**Task description:**
Your task is to output the data exactly as it stands.

Records from a collection
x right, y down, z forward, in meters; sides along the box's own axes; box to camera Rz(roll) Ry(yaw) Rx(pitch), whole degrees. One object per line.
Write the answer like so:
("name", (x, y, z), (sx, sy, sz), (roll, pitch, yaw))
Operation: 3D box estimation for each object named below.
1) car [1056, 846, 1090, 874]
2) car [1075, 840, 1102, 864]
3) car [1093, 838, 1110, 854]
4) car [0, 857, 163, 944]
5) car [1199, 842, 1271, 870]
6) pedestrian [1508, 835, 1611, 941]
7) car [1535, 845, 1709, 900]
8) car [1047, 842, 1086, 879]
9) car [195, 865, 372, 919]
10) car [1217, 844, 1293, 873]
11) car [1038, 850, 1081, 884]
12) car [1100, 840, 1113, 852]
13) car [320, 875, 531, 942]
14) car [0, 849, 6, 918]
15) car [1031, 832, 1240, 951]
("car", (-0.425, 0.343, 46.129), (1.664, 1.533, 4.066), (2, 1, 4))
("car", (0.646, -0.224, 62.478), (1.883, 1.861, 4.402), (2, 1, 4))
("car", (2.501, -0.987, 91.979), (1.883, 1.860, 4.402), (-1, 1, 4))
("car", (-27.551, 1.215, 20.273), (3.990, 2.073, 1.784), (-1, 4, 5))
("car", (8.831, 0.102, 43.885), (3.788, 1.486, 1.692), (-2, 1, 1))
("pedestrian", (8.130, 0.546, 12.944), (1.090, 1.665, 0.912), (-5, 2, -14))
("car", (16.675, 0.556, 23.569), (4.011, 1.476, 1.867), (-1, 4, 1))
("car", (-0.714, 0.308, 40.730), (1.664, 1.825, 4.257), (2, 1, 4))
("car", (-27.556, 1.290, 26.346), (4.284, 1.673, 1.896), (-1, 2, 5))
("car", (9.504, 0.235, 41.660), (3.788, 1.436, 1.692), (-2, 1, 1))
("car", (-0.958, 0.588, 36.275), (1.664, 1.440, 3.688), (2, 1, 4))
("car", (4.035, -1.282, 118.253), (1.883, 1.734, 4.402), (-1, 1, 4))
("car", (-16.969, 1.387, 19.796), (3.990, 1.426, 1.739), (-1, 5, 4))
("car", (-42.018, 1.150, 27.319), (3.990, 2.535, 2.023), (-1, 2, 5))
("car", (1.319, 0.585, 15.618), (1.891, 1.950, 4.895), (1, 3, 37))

**Exercise response:**
x right, y down, z forward, in meters; sides along the box's own axes; box to camera Rz(roll) Ry(yaw) Rx(pitch), whole degrees. One object per line.
Write the answer like so:
("name", (x, y, z), (sx, sy, sz), (roll, pitch, yaw))
Operation: 3D box estimation for each object named below.
1) car [1056, 846, 1090, 874]
2) car [1075, 840, 1102, 864]
3) car [1093, 838, 1110, 854]
4) car [0, 857, 163, 944]
5) car [1199, 842, 1271, 870]
6) pedestrian [1508, 835, 1611, 941]
7) car [1535, 845, 1709, 900]
8) car [1047, 842, 1086, 879]
9) car [195, 865, 372, 919]
10) car [1217, 844, 1293, 873]
11) car [1038, 850, 1081, 884]
12) car [1100, 840, 1113, 852]
13) car [320, 875, 531, 942]
14) car [0, 849, 6, 918]
15) car [1031, 832, 1240, 951]
("car", (-0.425, 0.343, 46.129), (1.664, 1.533, 4.066), (2, 1, 4))
("car", (0.646, -0.224, 62.478), (1.883, 1.861, 4.402), (2, 1, 4))
("car", (2.501, -0.987, 91.979), (1.883, 1.860, 4.402), (-1, 1, 4))
("car", (-27.551, 1.215, 20.273), (3.990, 2.073, 1.784), (-1, 4, 5))
("car", (8.831, 0.102, 43.885), (3.788, 1.486, 1.692), (-2, 1, 1))
("pedestrian", (8.130, 0.546, 12.944), (1.090, 1.665, 0.912), (-5, 2, -14))
("car", (16.675, 0.556, 23.569), (4.011, 1.476, 1.867), (-1, 4, 1))
("car", (-0.714, 0.308, 40.730), (1.664, 1.825, 4.257), (2, 1, 4))
("car", (-27.556, 1.290, 26.346), (4.284, 1.673, 1.896), (-1, 2, 5))
("car", (9.504, 0.235, 41.660), (3.788, 1.436, 1.692), (-2, 1, 1))
("car", (-0.958, 0.588, 36.275), (1.664, 1.440, 3.688), (2, 1, 4))
("car", (4.035, -1.282, 118.253), (1.883, 1.734, 4.402), (-1, 1, 4))
("car", (-16.969, 1.387, 19.796), (3.990, 1.426, 1.739), (-1, 5, 4))
("car", (-42.018, 1.150, 27.319), (3.990, 2.535, 2.023), (-1, 2, 5))
("car", (1.319, 0.585, 15.618), (1.891, 1.950, 4.895), (1, 3, 37))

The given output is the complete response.